Wrapper object for intervals stored in the grove. Returned by insert operations.

**Attributes**:
- `value`: The interval value of this key

### QueryResult

Result object containing matching intervals from a query.

**Attributes**:
- `query`: The query interval used for the search
- `keys`: List of matching keys

**Methods**:
- `__len__()`: Number of results
- `__iter__()`: Iterate over matching keys

### BedGrove (interval grove with BED data)

`BedGrove` is the data-carrying counterpart of `Grove`: each indexed interval
also carries an associated `BedEntry` payload, so prebuilt `.gg` files that
store BED records can be loaded, queried, and traversed from Python.

```python
import pygenogrove as pg

g = pg.BedGrove(100)

# insert(index, interval, data) — the interval is the key, BedEntry is the payload
entry = pg.BedEntry("chr1", 1000, 2000)   # BED-native coords (0-based, half-open)
entry.name = "BRCA1"
entry.score = 900
entry.strand = "+"
key = g.insert("chr1", pg.Interval(1000, 1999), entry)

# the returned key exposes both the interval value and the BED payload
print(key.value.start, key.data.name)     # 1000 BRCA1

for hit in g.intersect(pg.Interval(1500, 1600), "chr1"):
    print(hit.data.name, hit.data.score)

# serialize/deserialize preserves the BedEntry data
g.serialize("genes.gg")
reloaded = pg.BedGrove.deserialize("genes.gg")
```

`BedGrove` exposes the same surface as `Grove` (multi-index `insert`/`intersect`,
the graph overlay, and `serialize`/`deserialize`), with these differences:
- `insert(index: str, interval: Interval, data: BedEntry) -> BedKey` takes the BED payload.
- `add_external_key(interval: Interval, data: BedEntry) -> BedKey` takes the payload too.
- **Entry-deriving inserts** (no hand-conversion of coordinates):
  - `insert(index, entry) -> BedKey` — a 2-argument overload: pass a bare
    `BedEntry` and the `Interval` key is derived from its native coordinates
    (BED's half-open `[s, e)` → closed `[s, e-1]`; GFF's 1-based `[s, e]` →
    `[s-1, e-1]`). This is the foolproof way to load records from a reader.
  - `insert_bulk(index, entries, presorted=False) -> list[BedKey]` — same idea
    for a whole list of bare entries.
- **Fast-path inserts** (data-carrying groves only):
  - `insert_sorted(index, interval, data) -> BedKey` — single insert on the
    rightmost-append path (skips tree traversal).
  - `insert_bulk(index, items, presorted=False) -> list[BedKey]` — insert many
    explicit `(Interval, BedEntry)` records at once (10–20× faster for large
    datasets; an empty index is built bottom-up in O(n)). `presorted=True`
    assumes the records are already sorted by interval (skips the internal sort).
  - **Precondition:** sorted/bulk inserts require ascending intervals, and when
    appending to a non-empty index every new interval must be greater than all
    existing ones. Violating this corrupts B+ tree ordering — use plain `insert`
    if unsure. (`GffGrove` has all the same methods.)

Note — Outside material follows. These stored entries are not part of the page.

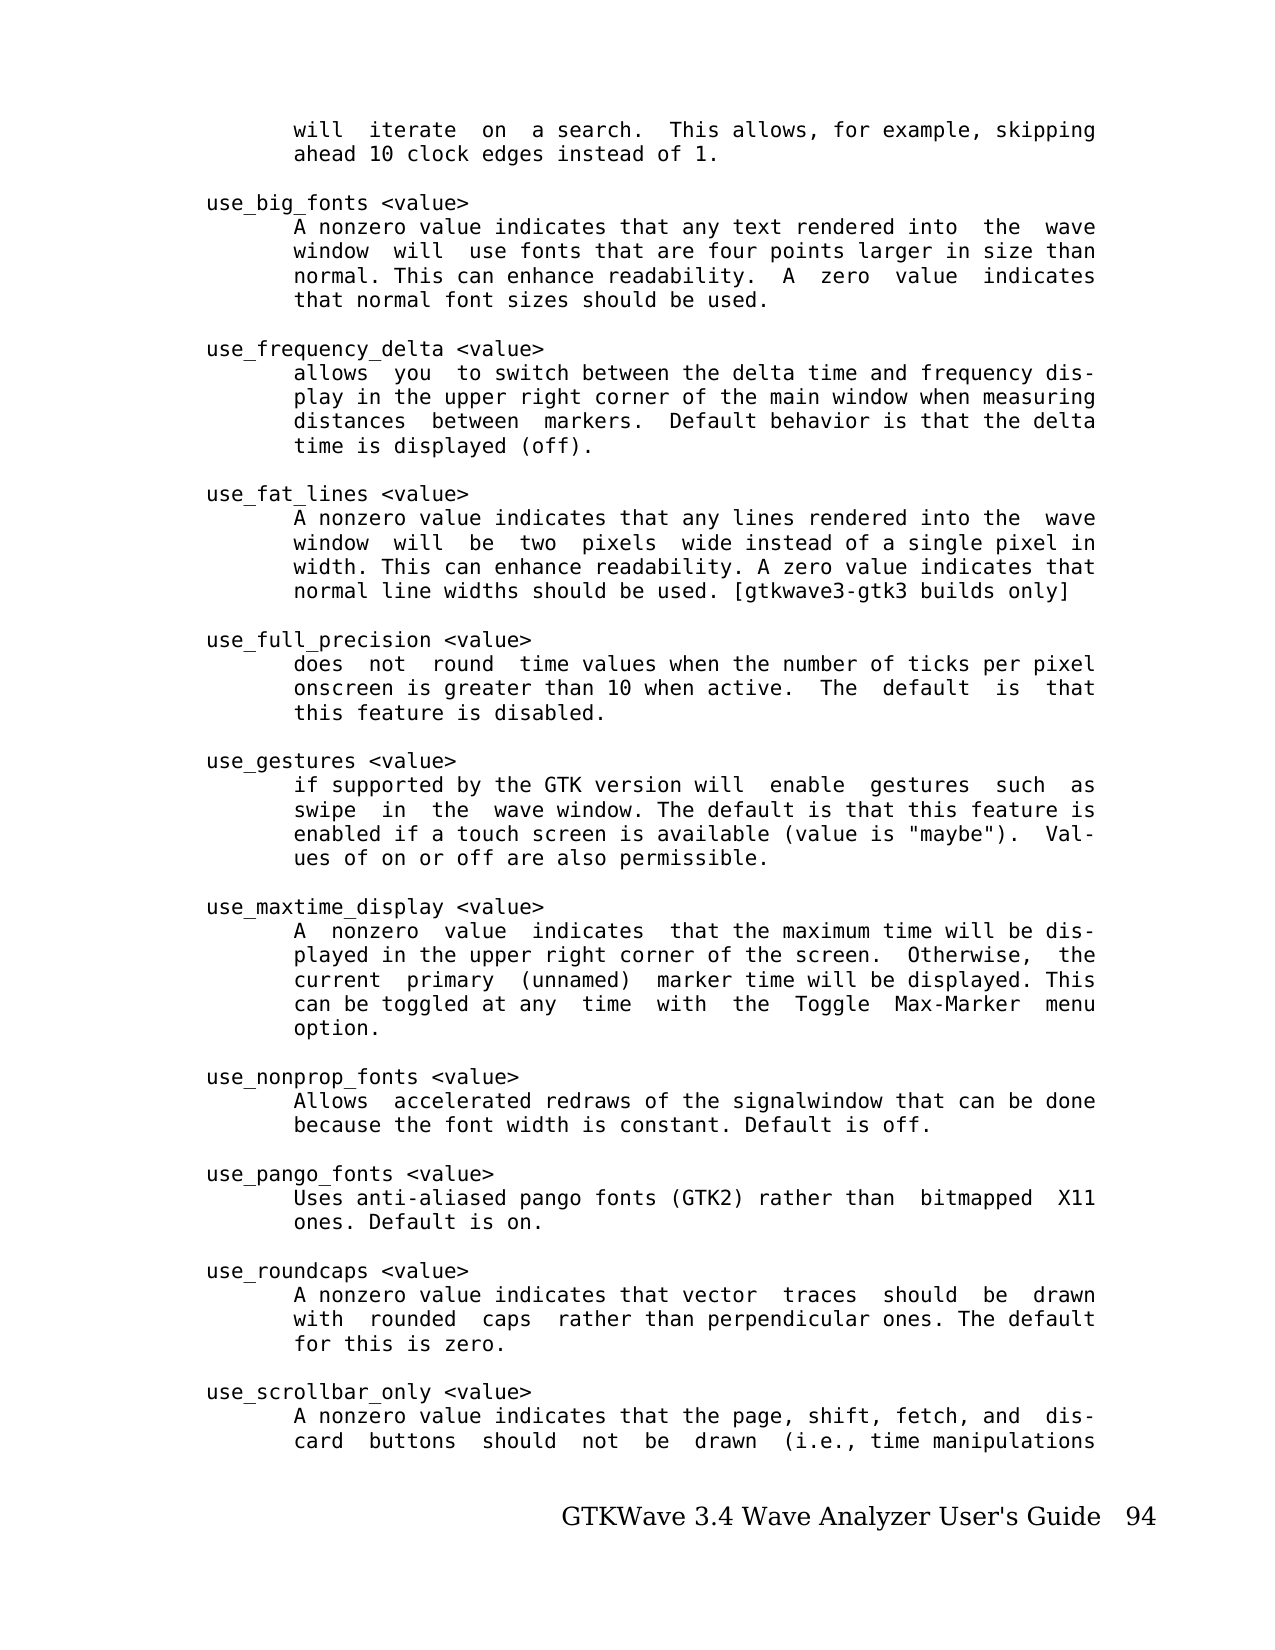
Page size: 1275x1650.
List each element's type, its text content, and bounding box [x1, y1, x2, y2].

text play in the upper right corner of the main window when measuring [118, 385, 1157, 409]
text use_big_fonts <value> [118, 191, 1157, 215]
text Uses anti-aliased pango fonts (GTK2) rather than bitmapped X11 [118, 1186, 1157, 1210]
text played in the upper right corner of the screen. Otherwise, the [118, 943, 1157, 968]
text use_full_precision <value> [118, 628, 1157, 652]
text window will be two pixels wide instead of a single pixel in [118, 531, 1157, 555]
text for this is zero. [118, 1332, 1157, 1356]
text Allows accelerated redraws of the signalwindow that can be done [118, 1089, 1157, 1113]
text card buttons should not be drawn (i.e., time manipulations [118, 1429, 1157, 1453]
text swipe in the wave window. The default is that this feature is [118, 798, 1157, 822]
text A nonzero value indicates that vector traces should be drawn [118, 1283, 1157, 1307]
text A nonzero value indicates that the page, shift, fetch, and dis- [118, 1404, 1157, 1429]
text use_pango_fonts <value> [118, 1162, 1157, 1186]
text use_frequency_delta <value> [118, 337, 1157, 361]
text ues of on or off are also permissible. [118, 846, 1157, 871]
text width. This can enhance readability. A zero value indicates that [118, 555, 1157, 579]
text use_nonprop_fonts <value> [118, 1065, 1157, 1089]
text with rounded caps rather than perpendicular ones. The default [118, 1307, 1157, 1332]
text onscreen is greater than 10 when active. The default is that [118, 676, 1157, 701]
text use_fat_lines <value> [118, 482, 1157, 506]
text can be toggled at any time with the Toggle Max-Marker menu [118, 992, 1157, 1016]
text normal. This can enhance readability. A zero value indicates [118, 264, 1157, 288]
text option. [118, 1016, 1157, 1040]
text normal line widths should be used. [gtkwave3-gtk3 builds only] [118, 579, 1157, 603]
text because the font width is constant. Default is off. [118, 1113, 1157, 1137]
text A nonzero value indicates that any lines rendered into the wave [118, 506, 1157, 531]
text use_maxtime_display <value> [118, 895, 1157, 919]
text window will use fonts that are four points larger in size than [118, 239, 1157, 264]
text current primary (unnamed) marker time will be displayed. This [118, 968, 1157, 992]
text use_gestures <value> [118, 749, 1157, 773]
text enabled if a touch screen is available (value is "maybe"). Val‐ [118, 822, 1157, 846]
text ahead 10 clock edges instead of 1. [118, 142, 1157, 167]
text does not round time values when the number of ticks per pixel [118, 652, 1157, 676]
text allows you to switch between the delta time and frequency dis- [118, 361, 1157, 385]
text this feature is disabled. [118, 701, 1157, 725]
text A nonzero value indicates that any text rendered into the wave [118, 215, 1157, 239]
text distances between markers. Default behavior is that the delta [118, 409, 1157, 434]
text that normal font sizes should be used. [118, 288, 1157, 312]
text if supported by the GTK version will enable gestures such as [118, 773, 1157, 798]
text use_roundcaps <value> [118, 1259, 1157, 1283]
text ones. Default is on. [118, 1210, 1157, 1234]
text time is displayed (off). [118, 434, 1157, 458]
text will iterate on a search. This allows, for example, skipping [118, 118, 1157, 142]
text A nonzero value indicates that the maximum time will be dis- [118, 919, 1157, 943]
text use_scrollbar_only <value> [118, 1380, 1157, 1404]

**BedKey** is like `Key` but adds a `data` attribute:
- `value`: the interval (returned by copy; do not rely on mutating it)
- `data`: the associated `BedEntry` — a **live, mutable** reference (unlike `value`,
  the payload is not part of the B+ tree ordering, so editing it in place is safe)

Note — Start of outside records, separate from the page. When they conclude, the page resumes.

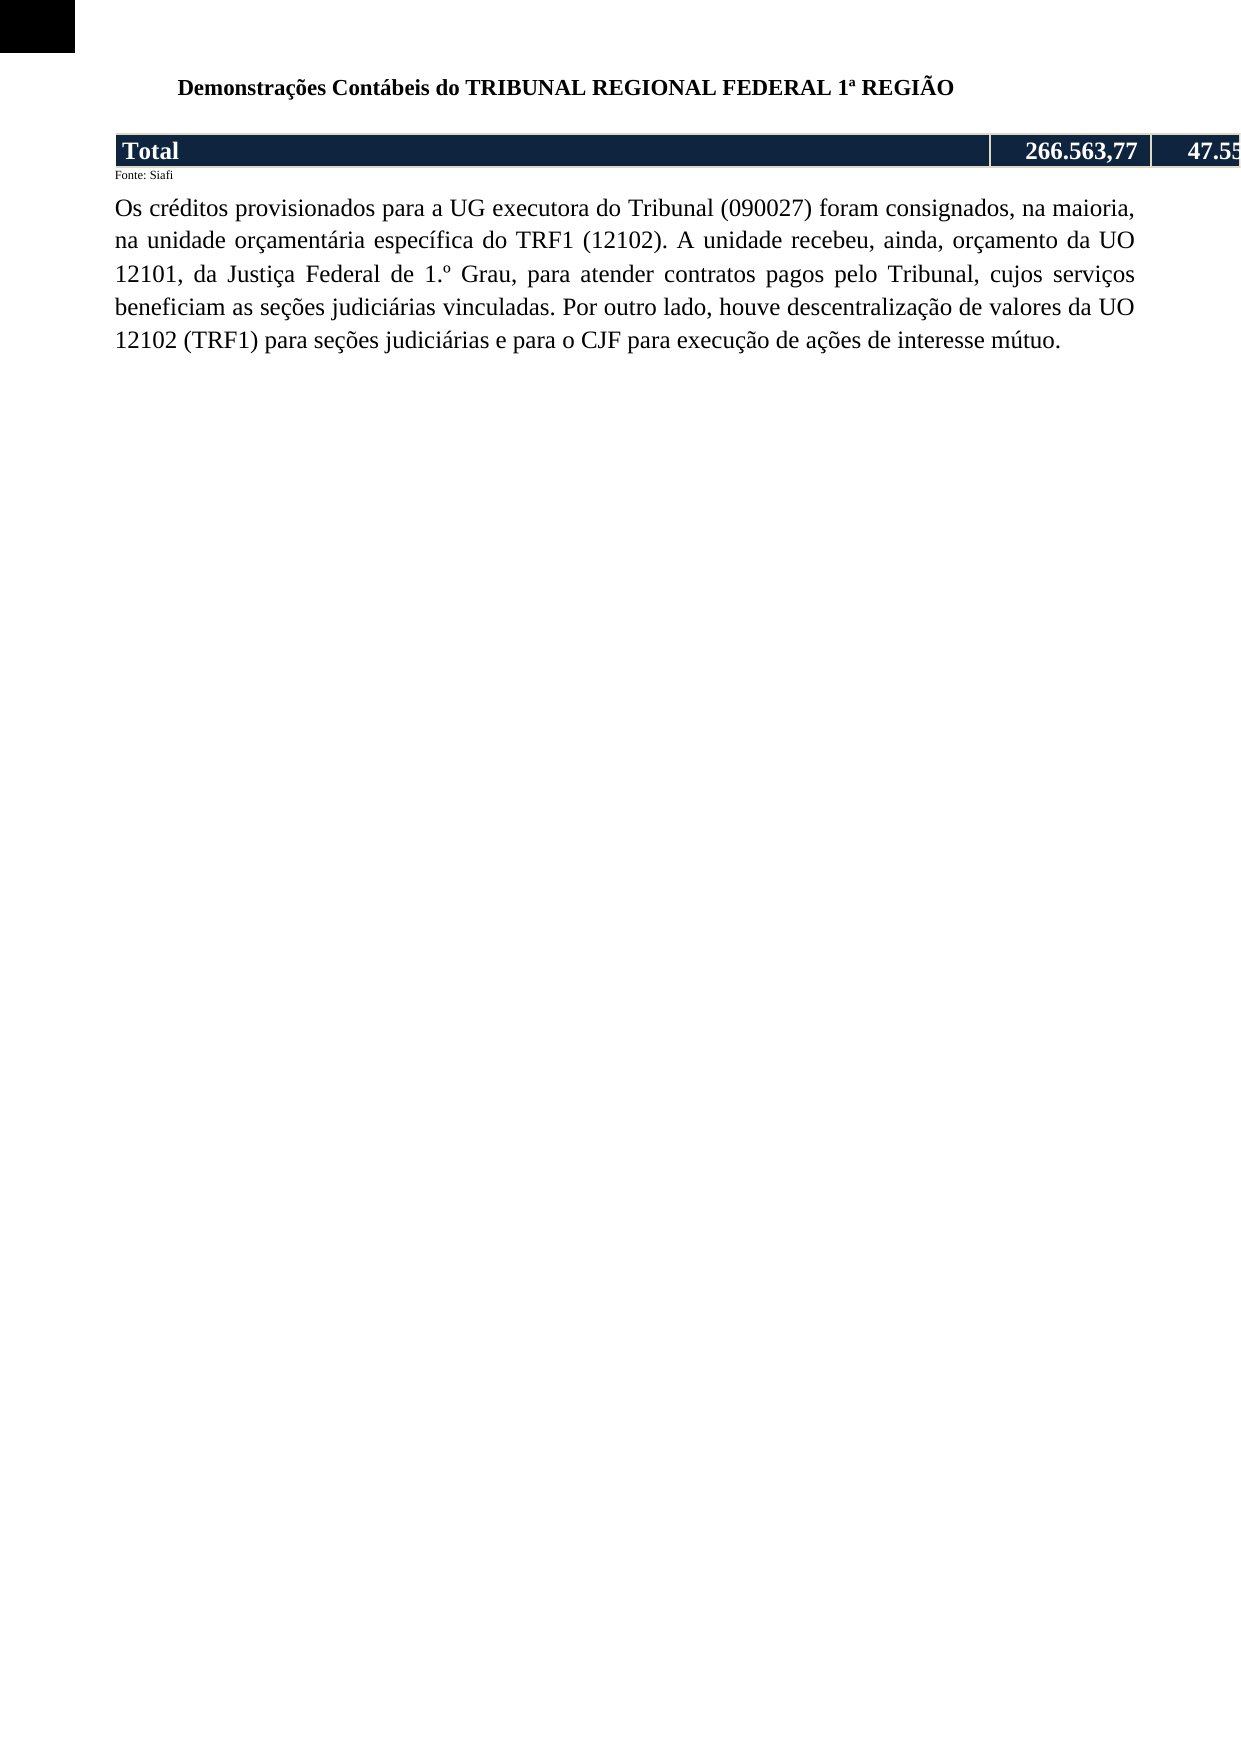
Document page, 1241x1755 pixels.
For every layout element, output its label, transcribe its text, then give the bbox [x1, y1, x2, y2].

table_cell Total [116, 135, 989, 166]
table_cell 47.554,17 [1152, 135, 1239, 166]
text Os créditos provisionados para a UG executora do Tribunal (090027) foram consignados, na maioria, na unidade orçamentária específica do TRF1 (12102). A unidade recebeu, ainda, orçamento da UO 12101, da Justiça Federal de 1.º Grau, para atender contratos pagos pelo Tribunal, cujos serviços beneficiam as seções judiciárias vinculadas. Por outro lado, houve descentralização de valores da UO 12102 (TRF1) para seções judiciárias e para o CJF para execução de ações de interesse mútuo. [114, 193, 1136, 353]
table_cell 266.563,77 [991, 135, 1150, 166]
text Fonte: Siafi [114, 168, 1136, 189]

**BedQueryResult** is the `BedGrove` analog of `QueryResult` (its keys are `BedKey`s).

### BedEntry

A single BED record. Coordinates are BED-native: 0-based, half-open `[start, end)`
(distinct from the closed `[start, end]` of `Interval` used as the grove key).

```python
BedEntry(chrom: str, start: int, end: int)
```

**Attributes** (read/write):
- `chrom` (str), `start` (int), `end` (int)
- `name`: `Optional[str]` (BED4+)
- `score`: `Optional[int]` (BED5+)
- `strand`: `Optional[str]` — a single character (`'+'`, `'-'`, `'.'`); assigning an
  empty or multi-character string raises `ValueError`, `None` clears it (BED6+)
- `thickness`: `Optional[ThickInfo]` (BED7+)
- `item_rgb`: `Optional[RgbColor]` (BED9+)
- `blocks`: `Optional[BlockInfo]` (BED12)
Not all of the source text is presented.